Dans ce numéro, la revue Multitudes présente dix-sept photographies inédites de la série Tennis Courts – Tennis Courts, Giasco Bertoli, Nieves, Zurich, 2009. de l’artiste Giasco Bertoli. Il a débuté cette série en 1999 dans le Sud de la Suisse, sa région d’origine, et l’a poursuivie jusqu’à aujourd’hui au gré de ses voyages.
Si le corps est l’un des thèmes récurrents de la pratique photographique de Bertoli, qui comprend de nombreux portraits, nus et photographies de mode, il s’en détourne ici totalement, en choisissant uniquement des lieux déserts, désertés.
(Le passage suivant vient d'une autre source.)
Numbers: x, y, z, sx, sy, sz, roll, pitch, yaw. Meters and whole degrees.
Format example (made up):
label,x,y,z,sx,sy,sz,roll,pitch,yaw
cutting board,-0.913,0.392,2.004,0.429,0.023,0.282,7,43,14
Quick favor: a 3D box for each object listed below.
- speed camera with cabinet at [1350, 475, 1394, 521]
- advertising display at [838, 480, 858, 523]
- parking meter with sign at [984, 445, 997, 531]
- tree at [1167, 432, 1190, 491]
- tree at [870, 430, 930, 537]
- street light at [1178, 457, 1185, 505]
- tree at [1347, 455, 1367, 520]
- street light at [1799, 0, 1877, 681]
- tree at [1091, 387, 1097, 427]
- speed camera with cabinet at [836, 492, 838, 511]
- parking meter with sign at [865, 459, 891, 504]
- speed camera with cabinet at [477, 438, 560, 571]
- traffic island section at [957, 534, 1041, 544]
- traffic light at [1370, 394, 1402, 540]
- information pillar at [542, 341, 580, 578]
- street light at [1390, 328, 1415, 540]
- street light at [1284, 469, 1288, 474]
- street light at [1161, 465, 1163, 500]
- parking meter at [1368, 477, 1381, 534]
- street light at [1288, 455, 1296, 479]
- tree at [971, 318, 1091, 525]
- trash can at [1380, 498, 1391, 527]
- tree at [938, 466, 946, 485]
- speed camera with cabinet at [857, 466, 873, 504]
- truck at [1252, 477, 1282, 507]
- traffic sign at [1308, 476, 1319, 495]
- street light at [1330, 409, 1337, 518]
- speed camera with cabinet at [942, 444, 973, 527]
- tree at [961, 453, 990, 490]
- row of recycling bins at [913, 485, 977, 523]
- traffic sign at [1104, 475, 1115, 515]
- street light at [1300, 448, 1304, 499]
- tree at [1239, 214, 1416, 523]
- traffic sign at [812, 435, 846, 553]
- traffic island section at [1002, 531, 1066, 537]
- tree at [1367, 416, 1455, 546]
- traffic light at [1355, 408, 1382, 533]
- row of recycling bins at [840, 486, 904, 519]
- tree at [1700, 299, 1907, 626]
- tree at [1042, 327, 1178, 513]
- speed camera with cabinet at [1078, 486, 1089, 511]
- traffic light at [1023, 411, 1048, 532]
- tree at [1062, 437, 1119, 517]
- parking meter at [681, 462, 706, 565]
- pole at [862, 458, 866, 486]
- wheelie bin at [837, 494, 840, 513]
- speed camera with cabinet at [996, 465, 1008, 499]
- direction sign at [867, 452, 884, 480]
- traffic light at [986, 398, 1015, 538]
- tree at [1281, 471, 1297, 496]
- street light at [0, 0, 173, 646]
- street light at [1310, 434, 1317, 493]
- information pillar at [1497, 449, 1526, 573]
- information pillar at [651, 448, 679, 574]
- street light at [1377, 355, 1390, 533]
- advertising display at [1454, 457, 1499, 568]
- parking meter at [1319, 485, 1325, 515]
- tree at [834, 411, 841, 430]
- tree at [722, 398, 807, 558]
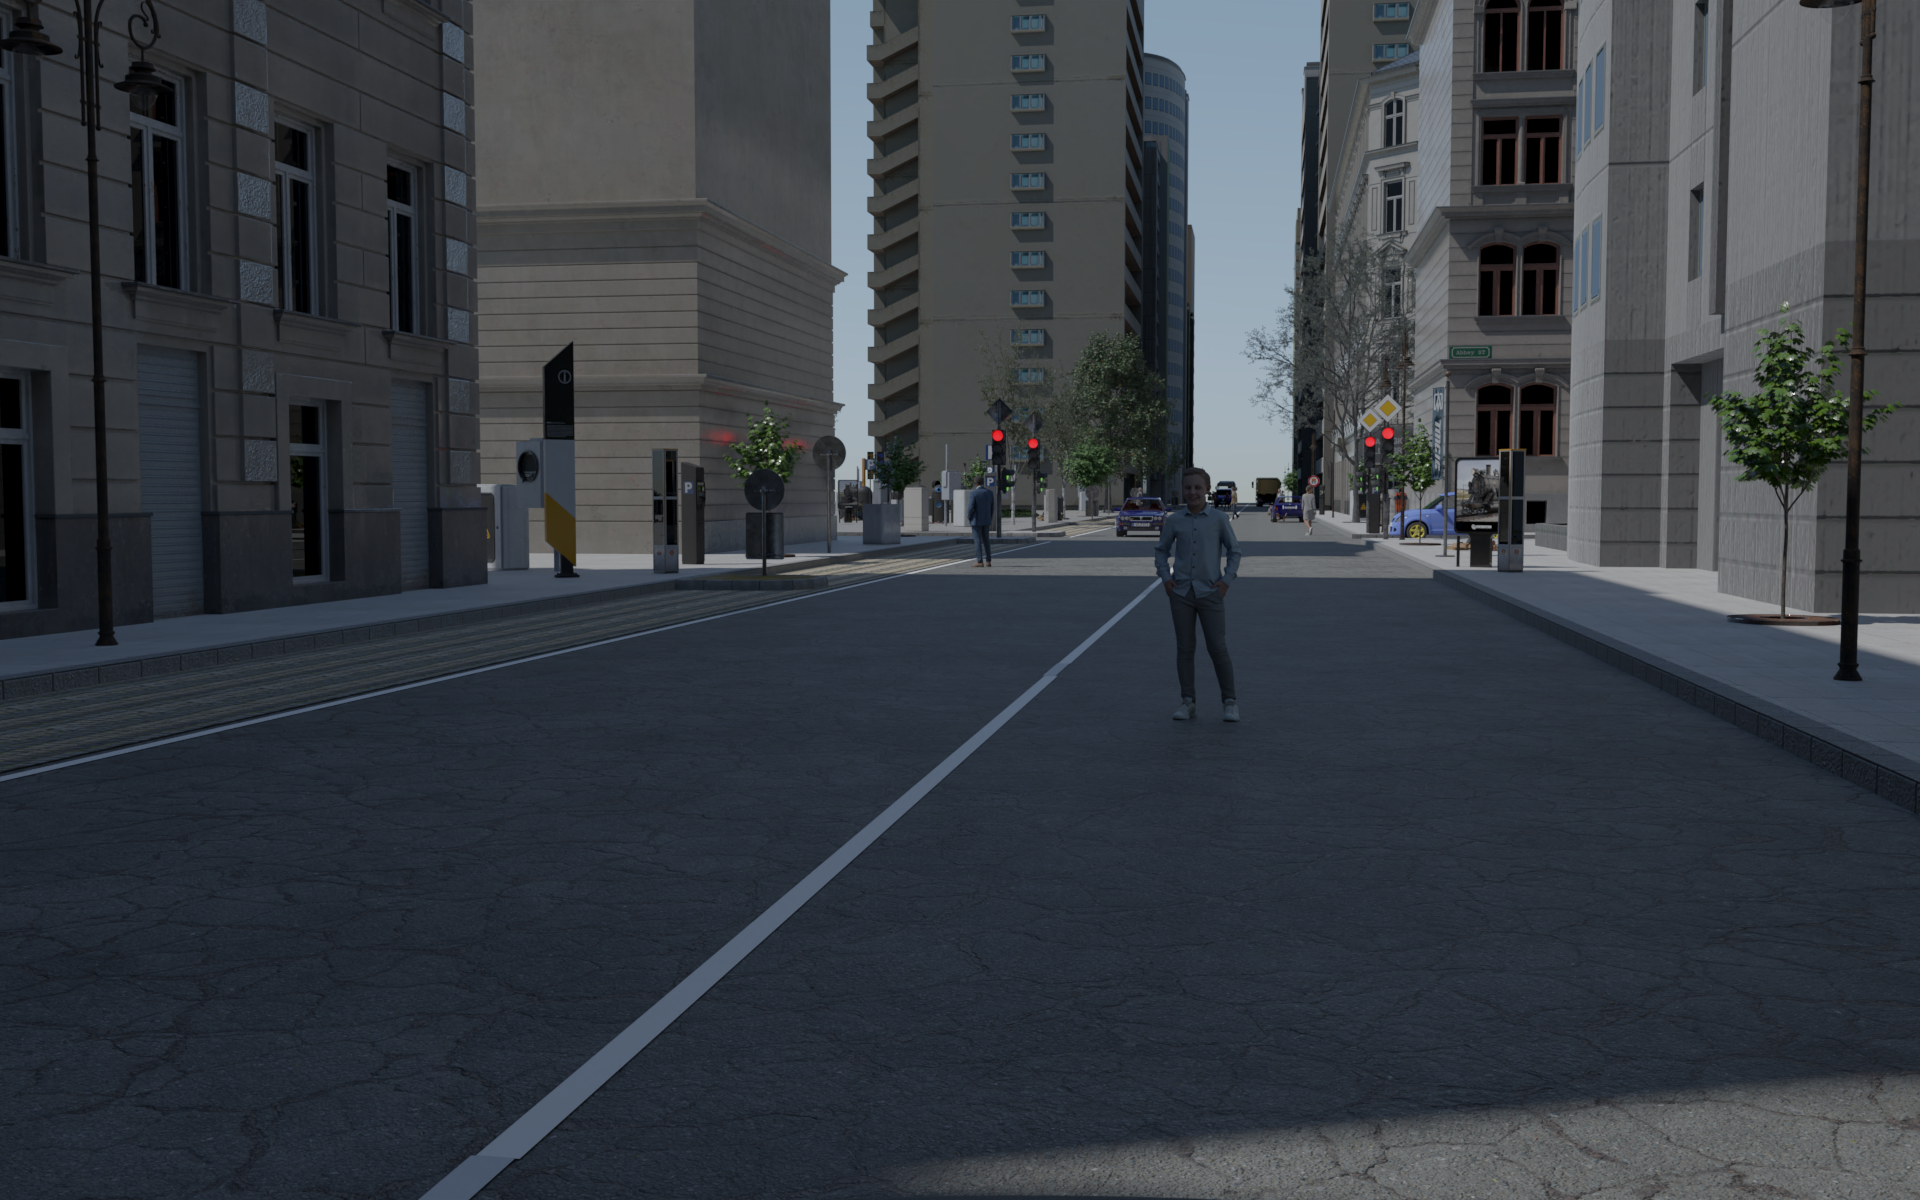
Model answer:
label,x,y,z,sx,sy,sz,roll,pitch,yaw
speed camera with cabinet,19.904,-5.462,83.639,2.038,3.252,0.660,-1,4,-12
advertising display,-5.013,-4.422,77.507,0.974,1.923,0.123,-2,4,-30
parking meter with sign,1.066,-3.916,60.289,0.543,3.016,1.738,0,4,8
tree,24.892,-15.470,203.293,4.737,8.622,4.395,0,3,0
tree,-1.973,-3.527,52.261,1.663,3.219,1.824,0,3,0
street light,27.890,-14.906,216.504,0.468,5.910,1.993,1,4,10
tree,19.975,-5.577,85.787,1.663,3.219,1.824,0,3,0
street light,6.127,-2.384,11.773,0.468,5.910,1.993,1,4,10
tree,5.298,-8.576,90.574,4.360,8.622,3.978,0,3,0
speed camera with cabinet,-8.517,-8.511,133.486,2.038,3.252,0.660,1,4,11
parking meter with sign,-3.958,-5.469,85.685,0.543,3.016,1.738,-3,4,-38
speed camera with cabinet,-7.435,-2.122,29.036,2.038,3.252,0.660,3,5,40
traffic island section,1.124,-1.746,50.835,2.009,0.180,2.903,1,4,10
traffic light,12.015,-3.664,48.835,0.839,4.253,0.868,1,4,10
information pillar,-6.108,-2.147,26.466,0.504,3.616,0.183,-2,4,-34
street light,12.368,-4.617,48.269,0.468,5.910,1.993,1,4,10
street light,47.513,-16.999,250.715,0.468,5.910,1.993,1,4,10
street light,19.948,-12.121,170.960,0.468,5.910,1.993,1,4,10
parking meter,13.395,-3.077,56.023,0.399,1.863,0.255,1,4,14
street light,41.235,-14.774,214.335,0.468,5.910,1.993,1,4,10
tree,2.389,-7.443,72.059,4.360,8.622,3.978,0,3,0
trash can,16.665,-3.471,68.407,0.748,1.137,0.748,0,3,0
tree,-1.077,-7.715,120.737,1.663,3.219,1.824,0,3,0
speed camera with cabinet,-6.641,-7.817,122.140,0.660,3.252,2.038,-3,5,-44
truck,35.446,-12.462,199.674,3.469,3.379,9.791,1,4,8
traffic sign,24.271,-7.262,118.842,0.768,2.556,0.104,1,4,19
street light,20.276,-7.411,93.956,0.468,5.910,1.993,1,4,10
speed camera with cabinet,-0.031,-4.525,68.316,0.660,3.252,2.038,-2,4,-27
tree,0.756,-5.327,81.699,1.663,3.219,1.824,0,3,0
row of recycling bins,-0.477,-4.275,77.017,3.534,1.692,1.069,1,4,11
traffic sign,9.223,-6.554,107.261,0.768,2.556,0.104,1,4,16
street light,33.334,-12.007,169.109,0.468,5.910,1.993,1,4,10
tree,17.541,-10.188,76.939,12.009,13.543,11.850,0,3,0
traffic sign,-2.848,-2.294,37.619,0.768,2.556,0.104,1,4,14
traffic island section,2.488,-2.228,58.703,2.009,0.180,2.903,1,4,10
tree,11.427,-2.988,43.460,1.663,3.219,1.824,0,3,0
traffic light,13.379,-4.146,56.703,0.839,4.253,0.868,1,4,10
row of recycling bins,-4.390,-4.982,88.572,3.534,1.692,1.069,0,4,1
tree,8.197,-1.392,17.354,1.663,3.219,1.824,0,3,0
tree,10.231,-12.331,118.614,9.611,12.733,9.660,0,3,0
speed camera with cabinet,9.447,-8.461,132.668,0.660,3.252,2.038,0,4,-3
traffic light,2.526,-4.259,58.562,0.839,4.253,0.868,1,4,10
tree,7.400,-7.044,98.881,4.285,4.588,4.351,0,3,0
parking meter,-4.859,-1.581,31.563,0.399,1.863,0.255,2,4,28
pole,-5.457,-6.389,98.297,0.158,3.312,0.155,0,3,0
wheelie bin,-7.283,-6.133,108.188,0.693,1.594,0.980,3,4,37
speed camera with cabinet,1.204,-5.151,78.547,2.038,3.252,0.660,-2,4,-32
direction sign,-4.506,-6.137,92.339,0.876,3.537,0.379,0,4,-8
traffic light,1.162,-3.778,50.694,0.839,4.253,0.868,1,4,10
tree,42.162,-14.392,219.024,4.285,4.588,4.351,0,3,0
street light,-7.241,-2.552,14.519,0.468,5.910,1.993,1,4,10
street light,26.994,-9.783,132.740,0.468,5.910,1.993,1,4,10
information pillar,9.040,-1.462,28.395,0.304,2.012,0.304,-1,4,-22
information pillar,-4.761,-1.437,27.995,0.304,2.012,0.304,3,4,39
street light,14.105,-5.185,57.557,0.468,5.910,1.993,1,4,10
advertising display,9.106,-1.529,30.216,0.974,1.923,0.123,3,5,40
parking meter,22.295,-6.173,106.633,0.255,1.863,0.399,2,4,31
tree,-9.129,-9.093,99.028,4.360,8.622,3.978,0,3,0
tree,-4.008,-2.483,35.204,1.663,3.219,1.824,0,3,0

Le traitement sériel opéré par Bertoli avec ces terrains de tennis n’induit aucune systématisation du cadrage, l’angle de vue se renouvelle à chaque photographie. Son approche consiste littéralement à tourner autour du sujet, à l’embrasser de façon plus ou moins large pour toujours laisser apparaître des indices contextuels. La forme même de l’objet a dicté la marche à suivre : une aire de jeu n’est pas une construction architecturale massive, ce n’est pas un objet opaque sur lequel bute le regard, mais une délimitation ou un aménagement d’espace qui interrompt autant qu’il laisse voir le paysage. C’est via l’appareil photographique et le grillage que le regard de l’artiste a traversé ces zones vides. Cette souplesse du regard, des points de vue, permet de souligner l’intégration de l’aire de jeu dans le paysage, elle devient un élément du décor qui participe par contraste à la composition du paysage.
Le terrain de tennis, rencontré dans de nombreux pays et dans des environnements variés, devient un témoin exposé systématiquement au passage du temps. Cet état de contemplation du photographe face au paysage, au rythme des saisons, à la géographie des différentes régions et des éventuelles constructions environnantes transparaît à travers de nombreux détails. Le degré d’altération des terrains, parfois laissés en friche, le filet pendant ou bien tendu, les haies bien taillées, la nature qui reprend le dessus, le court masqué par la neige sont autant d’éléments qui rappellent que : « le passage des saisons se fait l’écho de nos passions, de nos joies, de nos tristesses et de nos fantasmes »[[Extrait d’un entretien réalisé par mail en juin 2011 entre Giasco Bertoli et Caroline Soyez-Petithomme..
C’est bien sous le prisme du caractère pseudo-universel de l’activité sportive que le photographe nous donne à voir un trou dans notre environnement. Zone urbaine aisée ou populaire, semi-urbanisée, zone de villégiature, espace à l’abandon, campagne accueillent tous chacun à sa manière cette surface de 23,77 mètres par 8,23 mètres, entourée d’un grillage pour arrêter les balles.
Ces images offrent un décor, celui d’un court vide, à partir duquel s’organise un tableau qui peut être empreint de nostalgie, celle de l’absence de corps, du bruit régulier des échanges, mais qui ouvre aussi à une réflexion sur la banalité des lieux propices au mouvement dès lors qu’il se veut visible, dicible, évaluable. Ce n’est pas tant la présence humaine qui persiste dans cette vision que l’idée qu’elle ne peut pas se maintenir sans organisation : règles, tournois, occasions de rencontres sont indispensables pour habiter ces lieux.